** Task description **
Reproduce the listing in its entirety. Do not reproduce the pictures.

** Provided material **

<<<<

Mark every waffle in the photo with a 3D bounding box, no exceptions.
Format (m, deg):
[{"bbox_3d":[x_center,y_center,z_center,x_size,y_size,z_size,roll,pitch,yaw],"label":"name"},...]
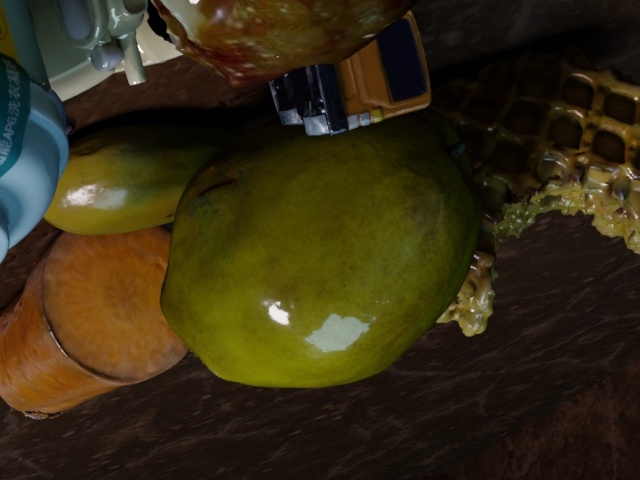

>>>>

** Exercise answer **
Mark every waffle in the photo with a 3D bounding box, no exceptions.
Format (m, deg):
[{"bbox_3d":[x_center,y_center,z_center,x_size,y_size,z_size,roll,pitch,yaw],"label":"name"},...]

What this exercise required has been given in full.